To do:
Take every entry below and copy it out word for word.

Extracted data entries
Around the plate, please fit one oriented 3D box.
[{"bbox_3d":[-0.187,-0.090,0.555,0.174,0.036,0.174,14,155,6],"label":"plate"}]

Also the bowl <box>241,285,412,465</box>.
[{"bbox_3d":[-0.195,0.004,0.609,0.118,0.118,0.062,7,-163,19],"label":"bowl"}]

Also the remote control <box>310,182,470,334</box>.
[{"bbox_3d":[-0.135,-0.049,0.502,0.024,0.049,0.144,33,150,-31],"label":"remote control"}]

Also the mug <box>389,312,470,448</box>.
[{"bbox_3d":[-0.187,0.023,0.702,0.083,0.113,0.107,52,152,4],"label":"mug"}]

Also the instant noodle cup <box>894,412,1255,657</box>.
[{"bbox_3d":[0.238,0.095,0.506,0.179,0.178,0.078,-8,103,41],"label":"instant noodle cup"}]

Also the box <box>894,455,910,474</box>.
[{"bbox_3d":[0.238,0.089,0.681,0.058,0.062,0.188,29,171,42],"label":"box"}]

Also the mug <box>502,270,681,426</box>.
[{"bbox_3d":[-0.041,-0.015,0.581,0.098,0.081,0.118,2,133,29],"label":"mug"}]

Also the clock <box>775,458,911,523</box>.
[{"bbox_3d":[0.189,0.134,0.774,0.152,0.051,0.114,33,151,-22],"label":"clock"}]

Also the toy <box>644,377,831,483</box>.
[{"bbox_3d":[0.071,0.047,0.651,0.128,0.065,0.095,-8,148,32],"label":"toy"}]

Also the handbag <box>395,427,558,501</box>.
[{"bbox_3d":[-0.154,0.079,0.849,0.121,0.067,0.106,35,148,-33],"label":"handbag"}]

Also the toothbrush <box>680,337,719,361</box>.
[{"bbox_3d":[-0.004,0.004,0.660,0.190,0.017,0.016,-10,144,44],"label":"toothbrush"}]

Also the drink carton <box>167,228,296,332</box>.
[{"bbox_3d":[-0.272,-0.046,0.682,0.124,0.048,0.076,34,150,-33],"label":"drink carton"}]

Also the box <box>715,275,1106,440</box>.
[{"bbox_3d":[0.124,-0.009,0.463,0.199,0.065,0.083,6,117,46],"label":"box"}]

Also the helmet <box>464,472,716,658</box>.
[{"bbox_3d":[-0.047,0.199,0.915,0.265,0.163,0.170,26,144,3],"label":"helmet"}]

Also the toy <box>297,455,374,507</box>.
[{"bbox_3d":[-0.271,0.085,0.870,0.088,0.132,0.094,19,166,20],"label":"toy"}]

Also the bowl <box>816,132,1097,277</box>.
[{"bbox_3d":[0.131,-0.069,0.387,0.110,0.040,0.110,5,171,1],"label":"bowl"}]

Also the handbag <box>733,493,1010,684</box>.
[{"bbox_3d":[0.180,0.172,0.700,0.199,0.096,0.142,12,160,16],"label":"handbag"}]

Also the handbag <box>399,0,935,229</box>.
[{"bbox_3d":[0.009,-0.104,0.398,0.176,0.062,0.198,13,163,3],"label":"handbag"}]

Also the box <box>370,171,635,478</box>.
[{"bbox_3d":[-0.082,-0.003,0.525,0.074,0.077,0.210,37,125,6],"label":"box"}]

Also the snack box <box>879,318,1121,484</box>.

Solution to this exercise:
Around the plate, please fit one oriented 3D box.
[{"bbox_3d":[-0.187,-0.090,0.555,0.174,0.036,0.174,14,155,6],"label":"plate"}]

Also the bowl <box>241,285,412,465</box>.
[{"bbox_3d":[-0.195,0.004,0.609,0.118,0.118,0.062,7,-163,19],"label":"bowl"}]

Also the remote control <box>310,182,470,334</box>.
[{"bbox_3d":[-0.135,-0.049,0.502,0.024,0.049,0.144,33,150,-31],"label":"remote control"}]

Also the mug <box>389,312,470,448</box>.
[{"bbox_3d":[-0.187,0.023,0.702,0.083,0.113,0.107,52,152,4],"label":"mug"}]

Also the instant noodle cup <box>894,412,1255,657</box>.
[{"bbox_3d":[0.238,0.095,0.506,0.179,0.178,0.078,-8,103,41],"label":"instant noodle cup"}]

Also the box <box>894,455,910,474</box>.
[{"bbox_3d":[0.238,0.089,0.681,0.058,0.062,0.188,29,171,42],"label":"box"}]

Also the mug <box>502,270,681,426</box>.
[{"bbox_3d":[-0.041,-0.015,0.581,0.098,0.081,0.118,2,133,29],"label":"mug"}]

Also the clock <box>775,458,911,523</box>.
[{"bbox_3d":[0.189,0.134,0.774,0.152,0.051,0.114,33,151,-22],"label":"clock"}]

Also the toy <box>644,377,831,483</box>.
[{"bbox_3d":[0.071,0.047,0.651,0.128,0.065,0.095,-8,148,32],"label":"toy"}]

Also the handbag <box>395,427,558,501</box>.
[{"bbox_3d":[-0.154,0.079,0.849,0.121,0.067,0.106,35,148,-33],"label":"handbag"}]

Also the toothbrush <box>680,337,719,361</box>.
[{"bbox_3d":[-0.004,0.004,0.660,0.190,0.017,0.016,-10,144,44],"label":"toothbrush"}]

Also the drink carton <box>167,228,296,332</box>.
[{"bbox_3d":[-0.272,-0.046,0.682,0.124,0.048,0.076,34,150,-33],"label":"drink carton"}]

Also the box <box>715,275,1106,440</box>.
[{"bbox_3d":[0.124,-0.009,0.463,0.199,0.065,0.083,6,117,46],"label":"box"}]

Also the helmet <box>464,472,716,658</box>.
[{"bbox_3d":[-0.047,0.199,0.915,0.265,0.163,0.170,26,144,3],"label":"helmet"}]

Also the toy <box>297,455,374,507</box>.
[{"bbox_3d":[-0.271,0.085,0.870,0.088,0.132,0.094,19,166,20],"label":"toy"}]

Also the bowl <box>816,132,1097,277</box>.
[{"bbox_3d":[0.131,-0.069,0.387,0.110,0.040,0.110,5,171,1],"label":"bowl"}]

Also the handbag <box>733,493,1010,684</box>.
[{"bbox_3d":[0.180,0.172,0.700,0.199,0.096,0.142,12,160,16],"label":"handbag"}]

Also the handbag <box>399,0,935,229</box>.
[{"bbox_3d":[0.009,-0.104,0.398,0.176,0.062,0.198,13,163,3],"label":"handbag"}]

Also the box <box>370,171,635,478</box>.
[{"bbox_3d":[-0.082,-0.003,0.525,0.074,0.077,0.210,37,125,6],"label":"box"}]

Also the snack box <box>879,318,1121,484</box>.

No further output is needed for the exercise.